Frontalized position map
A position map that has been aligned with a specific canonical position map

Directory structure

Each video/video-chunk should have a corresponding directory, usually located in the videos folder, which should have the following files/subdirectories:

  • input: [Directory] Contains each video frame as an image (named 00001.jpg, 00002.jpg etc.)

  • posmap: [Directory] [Optional, not used after data extraction] Contains position map detected by PRNet for each video frame (named 00001.exr, 00002.exr etc.)

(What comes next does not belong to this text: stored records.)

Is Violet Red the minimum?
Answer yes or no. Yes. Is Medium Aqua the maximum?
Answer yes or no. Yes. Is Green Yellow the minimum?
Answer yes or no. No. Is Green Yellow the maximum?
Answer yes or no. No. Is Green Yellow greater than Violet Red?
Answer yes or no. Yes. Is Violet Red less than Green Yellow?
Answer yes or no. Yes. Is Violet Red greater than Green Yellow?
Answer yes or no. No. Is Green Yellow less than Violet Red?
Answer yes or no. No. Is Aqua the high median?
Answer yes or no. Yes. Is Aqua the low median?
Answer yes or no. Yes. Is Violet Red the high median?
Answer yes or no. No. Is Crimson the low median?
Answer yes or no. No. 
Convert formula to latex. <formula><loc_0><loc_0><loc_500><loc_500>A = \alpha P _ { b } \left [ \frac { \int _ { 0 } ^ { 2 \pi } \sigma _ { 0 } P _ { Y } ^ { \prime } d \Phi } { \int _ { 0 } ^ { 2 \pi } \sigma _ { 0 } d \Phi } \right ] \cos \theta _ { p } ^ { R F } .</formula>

  • canonical: [Directory] Contains data for the canonical position-map and texture. Has the following files:

    • frontalized.exr: The canonical position map
    • texture.webp: The canonical texture
    • keypoints.npy: A 68x3 array of keypoint positions corresponding to frontalized.exr
    • normals.exr: A 256x256x3 array whose [v, u] index stores the area-vector of the quadrilateral formed by all vertices adjacent to the vertex with uv-space coordinates (u, v)
    • selected.txt: [Optional, not used for anything] A list of all the frames that were used to create this canonical face.
  • output: [Directory] Contains a directory for each face-containing video frame (named 00001, 00002 etc.) containing information of the face. Each such directory has the following files within it:

    • frontalized.exr: The frontalized position map of the face
    • texture.webp: The texture of the face
    • keypoints.npy: A 68x3 array of frontalized keypoint positions corresponding to frontalized.exr
    • params.npy: A vector (usually 20-dimensional) containing PCA parameters for mouth shape and inner-mouth colors
    • lighting.npy: A 4-dimensional vector representing the lighting in the frame
    • texWithoutL.exr: The texture with the lighting separated
    • transform.txt: A 4x3 matrix which, when when multiplied with a homogenized frontalized position, gives the actual non-frontalized position. (i.e. The affine transform required to take the positions in frontalized.exr to the actual positions in the video)
  • pca.npz: Contains the matrices and coefficients required to go from actual frontalized positions and colors of inner mouth to the PCA parameters, and vice-versa.

  • albedo.npy: Contains the matrix required to go from actual texture to the lighting parameters, and vice-versa.

  • video.mp4: [Optional, not used for anything] The actual video.

Instructions for Extracting data

For instructions on how to run a particular python script within this repo, use python <script> -h

  1. Create base directory and the input directory and video.mp4 within it
  2. Extract images using ffmpeg -i <path/to/base>/video.mp4 -q:v 2 <path/to/base>/input/%05d.jpg
  3. Run pipeline/demo.py to get posmap folder
  4. Run pipeline/make_canonical.py to get the canonical face
  5. Run pipeline/get_output.py to get the output folder
  6. Run TMFR to get better results for the keypoints
  7. Run pipeline/convert_tmfr_output.py to get a new_output folder using TMFR results. Replace the output folder with this folder
  8. Run pipeline/get_pca_params.py to get pca.npz in the base directory, and params.npy files in each directory in output
  9. Run pipeline/save_light_albedo.py to get albedo.npy in base, and lighting.npy and texWithoutL.exr in each directory in output

Alternatively, just use the extract-data repository (which contains this one and TMFR as submodules).